DataFrames.jl

Welcome to the DataFrames.jl documentation!

This resource aims to teach you everything you need to know to get up and running with tabular data manipulation using the DataFrames.jl package.

For more illustrations of DataFrames.jl usage, in particular in conjunction with other packages you can check-out the following resources (they are kept up to date with the released version of DataFrames.jl):

If you prefer to learn DataFrames.jl from a book you can consider reading:

What is DataFrames.jl?

DataFrames.jl provides a set of tools for working with tabular data in Julia. Its design and functionality are similar to those of pandas (in Python) and data.frame, data.table and dplyr (in R), making it a great general purpose data science tool.

DataFrames.jl plays a central role in the Julia Data ecosystem, and has tight integrations with a range of different libraries. DataFrames.jl isn't the only tool for working with tabular data in Julia – as noted below, there are some other great libraries for certain use-cases – but it provides great data wrangling functionality through a familiar interface.

To understand the toolchain in more detail, have a look at the tutorials in this manual.
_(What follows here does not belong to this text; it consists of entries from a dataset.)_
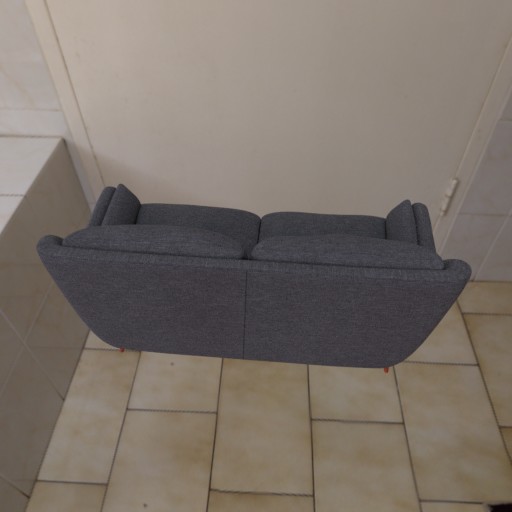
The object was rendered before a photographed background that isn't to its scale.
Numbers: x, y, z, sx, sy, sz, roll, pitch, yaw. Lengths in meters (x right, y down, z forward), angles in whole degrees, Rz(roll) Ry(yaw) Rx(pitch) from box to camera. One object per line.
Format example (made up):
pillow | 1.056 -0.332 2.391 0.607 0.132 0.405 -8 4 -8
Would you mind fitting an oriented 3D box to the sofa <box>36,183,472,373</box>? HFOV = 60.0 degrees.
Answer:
sofa | 0.000 0.000 2.428 1.929 0.896 0.975 4 47 3
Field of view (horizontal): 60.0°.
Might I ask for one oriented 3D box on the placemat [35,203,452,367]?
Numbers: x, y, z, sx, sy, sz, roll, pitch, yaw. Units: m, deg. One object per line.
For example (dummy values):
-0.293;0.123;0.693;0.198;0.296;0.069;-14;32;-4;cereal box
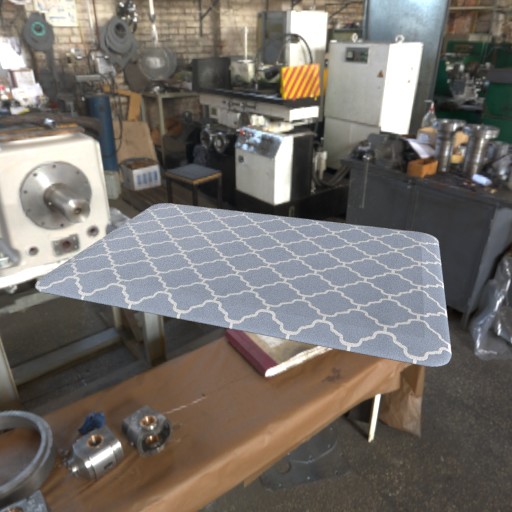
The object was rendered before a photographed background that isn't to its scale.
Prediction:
0.000;0.000;0.958;0.762;0.021;0.508;8;28;16;placemat
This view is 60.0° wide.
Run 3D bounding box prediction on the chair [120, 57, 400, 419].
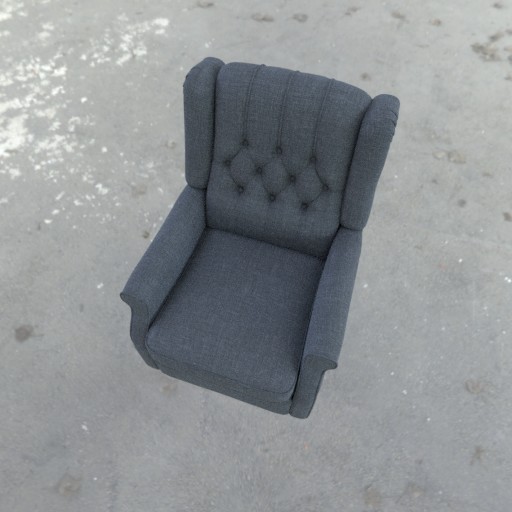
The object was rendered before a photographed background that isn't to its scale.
[{"bbox_3d":[0.000,0.000,1.609,0.742,1.035,0.898,16,60,10],"label":"chair"}]
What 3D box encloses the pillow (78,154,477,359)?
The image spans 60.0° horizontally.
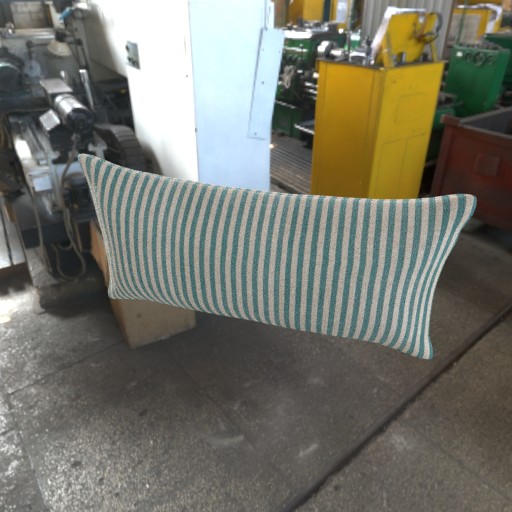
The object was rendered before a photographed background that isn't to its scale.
[{"bbox_3d":[0.000,0.000,0.740,0.617,0.295,0.151,9,32,14],"label":"pillow"}]
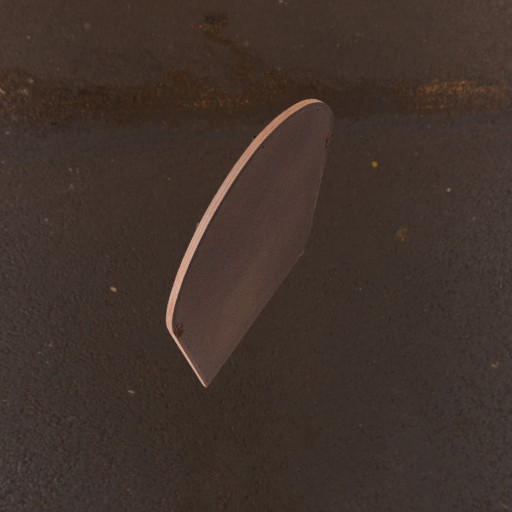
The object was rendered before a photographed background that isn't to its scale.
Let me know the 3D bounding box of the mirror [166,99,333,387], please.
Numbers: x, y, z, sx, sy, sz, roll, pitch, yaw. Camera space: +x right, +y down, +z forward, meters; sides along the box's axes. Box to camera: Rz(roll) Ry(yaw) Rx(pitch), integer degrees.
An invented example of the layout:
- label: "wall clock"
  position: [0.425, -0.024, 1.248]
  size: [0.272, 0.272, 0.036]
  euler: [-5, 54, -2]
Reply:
- label: "mirror"
  position: [0.000, 0.000, 1.148]
  size: [0.032, 0.915, 0.609]
  euler: [32, 69, 14]
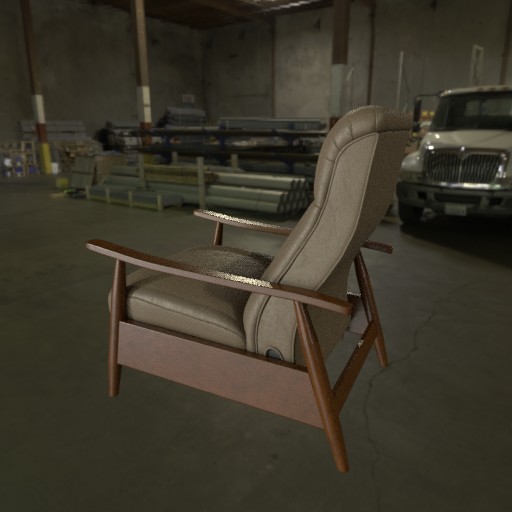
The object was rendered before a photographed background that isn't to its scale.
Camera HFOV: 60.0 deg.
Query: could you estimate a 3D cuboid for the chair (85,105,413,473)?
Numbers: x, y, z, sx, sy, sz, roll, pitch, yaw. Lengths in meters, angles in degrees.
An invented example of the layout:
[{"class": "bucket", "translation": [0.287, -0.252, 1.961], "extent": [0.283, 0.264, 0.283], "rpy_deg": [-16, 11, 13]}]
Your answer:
[{"class": "chair", "translation": [0.000, 0.000, 1.734], "extent": [1.014, 1.082, 0.762], "rpy_deg": [8, 18, 24]}]
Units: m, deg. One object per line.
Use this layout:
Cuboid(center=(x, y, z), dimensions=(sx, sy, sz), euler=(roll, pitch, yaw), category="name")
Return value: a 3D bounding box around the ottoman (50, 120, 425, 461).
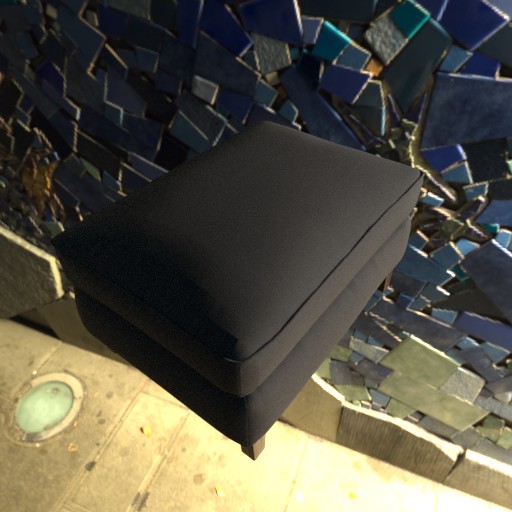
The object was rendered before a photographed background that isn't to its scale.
Cuboid(center=(0.000, 0.000, 1.003), dimensions=(0.508, 0.406, 0.686), euler=(27, 48, 27), category="ottoman")
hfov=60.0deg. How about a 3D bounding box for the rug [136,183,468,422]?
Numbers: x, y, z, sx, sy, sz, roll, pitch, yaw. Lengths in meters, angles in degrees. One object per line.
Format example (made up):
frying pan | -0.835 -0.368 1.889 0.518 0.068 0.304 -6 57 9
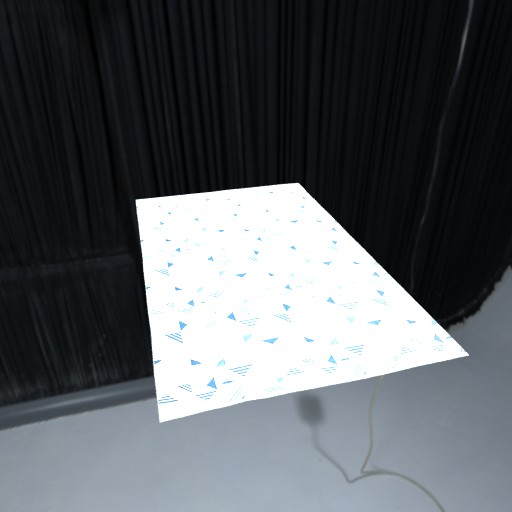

New users can start with the First Steps with DataFrames.jl section.

You may find the DataFramesMeta.jl package or one of the other convenience packages discussed in the Data manipulation frameworks section of this manual helpful when writing more advanced data transformations, especially if you do not have a significant programming experience. These packages provide convenience syntax similar to dplyr in R.

If you use metadata when working with DataFrames.jl you might find the TableMetadataTools.jl package useful. This package defines several convenience functions for performing typical metadata operations.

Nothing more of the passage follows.